The agent aims to maximize its cumulative rewards that track raceline progress, incentivize high velocity, and penalize collisions. We structure our rewards as the following:
\[ R = R_v + R_p + R_c \tag{1} \]
where the individual components are defined as:
\[ \begin{aligned} R_v &= 0.25 v_t \\\\ R_p &= 10 \times \Delta s_t \\\\ R_c &= -1 \\\\ \end{aligned} \tag{2} \]
where \( v_t \) is the current forward velocity at time \( t \), which encourages the agent to maintain a high speed, \( \Delta s_t = s_t - s_{t-1} \) represents the distance traveled along the track centerline since the previous timestep, and \( R_c \) indicates a collision penalty of \(-1\).
During training, the PPO agent interacts with the environment and collects experience tuples \((s, a, r, s', \log\pi(a|s), \text{done})\) to inform policy updates:
- State \((s)\): The current observation (54-dimensional LiDAR scan + vehicle velocity) that serves as input to the policy network.

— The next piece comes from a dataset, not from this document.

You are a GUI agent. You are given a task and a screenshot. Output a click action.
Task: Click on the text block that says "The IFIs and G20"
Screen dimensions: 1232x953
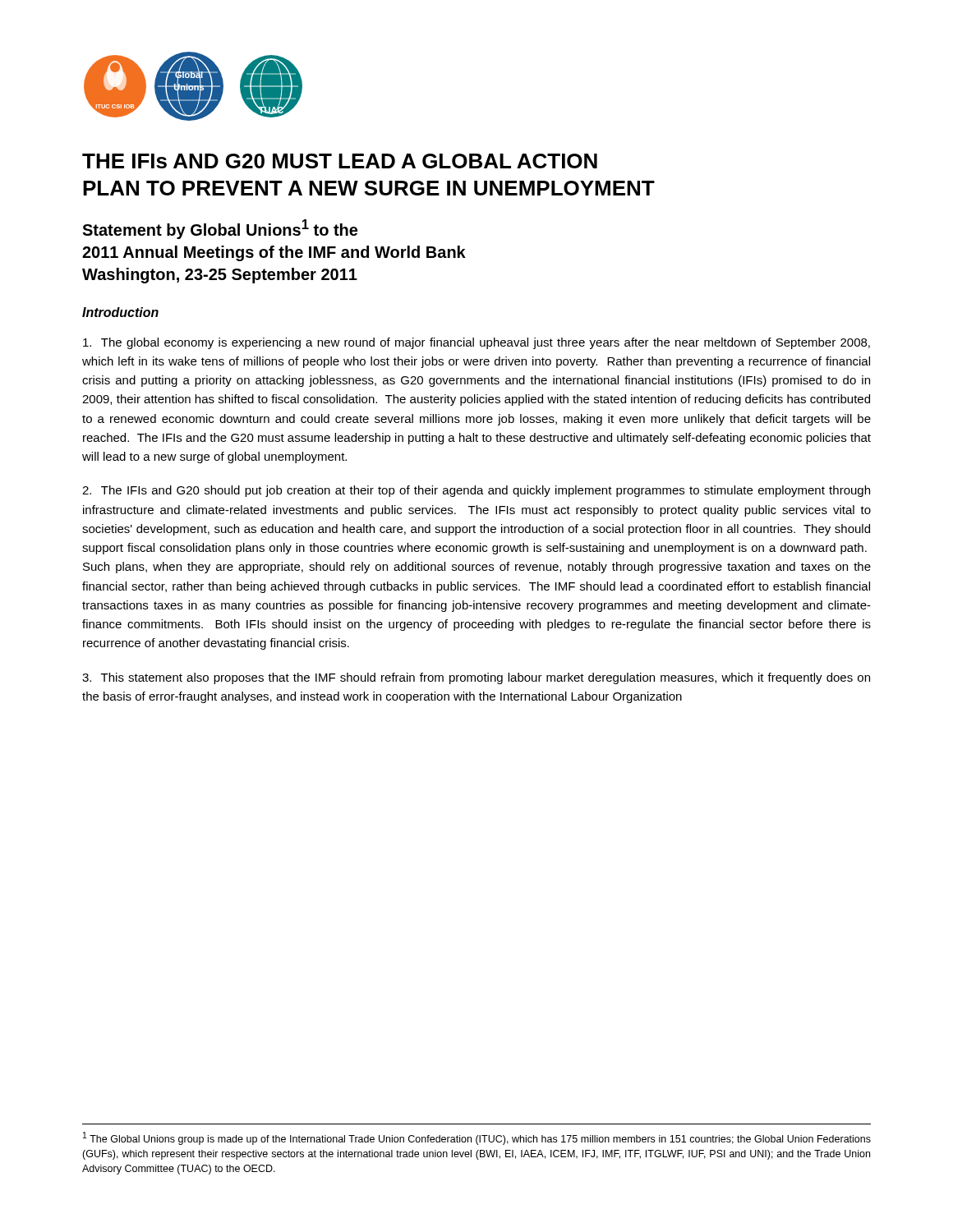tap(476, 567)

- Action \((a)\): Steering angle and speed commands.
- Reward \((r)\): Cumulative rewards as defined above.
- Next state \((s')\): Resulting observation after executing action \(a\) that is used to estimate the value function and calculate the advantage.
- Log probability \((\log\pi(a|s))\): The likelihood of an action under the current policy.

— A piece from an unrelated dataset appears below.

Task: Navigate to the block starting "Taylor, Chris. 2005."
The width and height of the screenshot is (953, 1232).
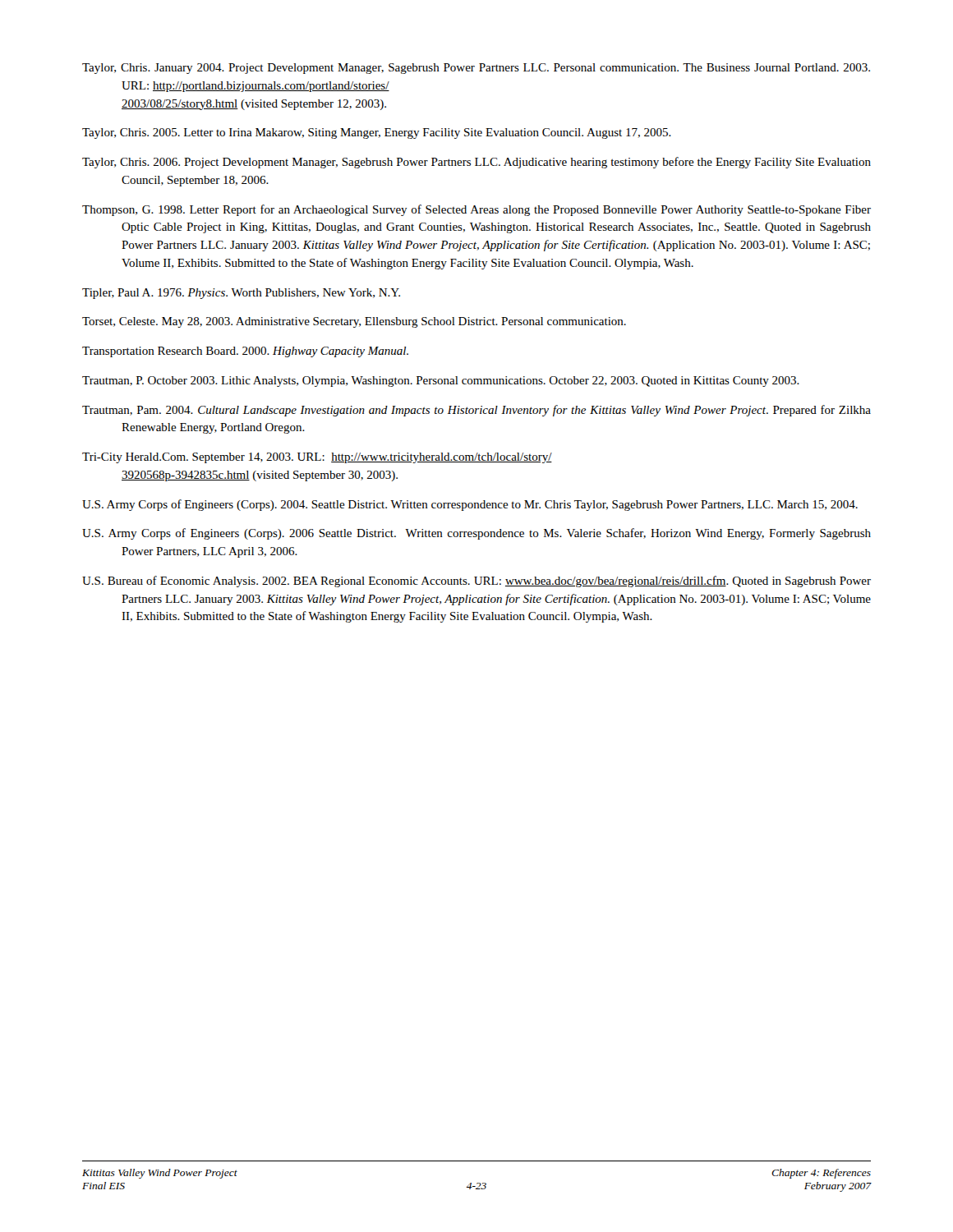Action: [476, 133]

- Done flag: Signals episode termination.
Our PPO implementation collects experiences in trajectories of 2048 steps before performing policy updates. We employ Generalized Advantage Estimation (GAE) with \(\lambda=0.95\) to balance bias-variance tradeoff in advantage calculations. Policy optimization occurs over 10 epochs with actor and critic learning rates of 0.0002. We use mini-batches of size 64 and L2 regularization with coefficient 0.001. We apply a discount factor \(\gamma = 0.99\) and constrain the policy update with a clip parameter \(\epsilon = 0.2\). We define the entropy coefficient and its decay as 0.001 and 0.99 respectively.
In our end-to-end reinforcement learning implementation, we maintain identical hyperparameters as the bootstrapped policy but randomly initialize all weights in the MLP for training.

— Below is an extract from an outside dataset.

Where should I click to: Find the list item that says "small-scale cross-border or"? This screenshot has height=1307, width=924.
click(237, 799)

Policy evaluation occurs at regular intervals, measuring average rewards and velocities across multiple episodes without exploration noise to monitor learning progress.
Experimental Results
We evaluate the performance of the bootstrapped reinforcement learning policies against their respective expert policies of varying difficulty levels (Easy, Medium, Hard), as seen in Figure 1. We include a comparison of an end-to-end RL policy as well. Our performance metric is lap time where lower times indicate better performance.

Figure 1: Comparison of lap times for expert demonstrators and RL agents. The bootstrapped RL agents show similar performance and are outperformed by the end-to-end RL agent. Only the easy expert demonstrator is surpassed by the RL agents.
The Easy Bootstrapped RL agent (37.41s) significantly outperforms its corresponding Easy Expert demonstrator (52.12s), achieving a 28.22% reduction in lap time. This indicates that the learned policy successfully decouples the action space to learn the correct steering angles based on LiDAR scan and increase speed beyond the expert demonstrations to maximize cumulative rewards.
The Medium and Hard bootstrapped RL agents fail to outperform their corresponding expert demonstrations. The Medium Expert achieves a lap time of 31.27 seconds, outperforming the Medium Bootstrapped RL agent at 38.80 seconds. Similarly, the Hard Expert significantly outperforms the Hard Bootstrapped RL agent, with lap times of 24.11 seconds and 37.68 seconds respectively. We note that the performance gap between the expert and the bootstrapped RL agent widens as expert quality improves. Despite being provided a pre-trained policy equivalent to the expert, our results indicate that bootstrapped RL methods may struggle to match increasingly agile demonstrations in the context of autonomous racing.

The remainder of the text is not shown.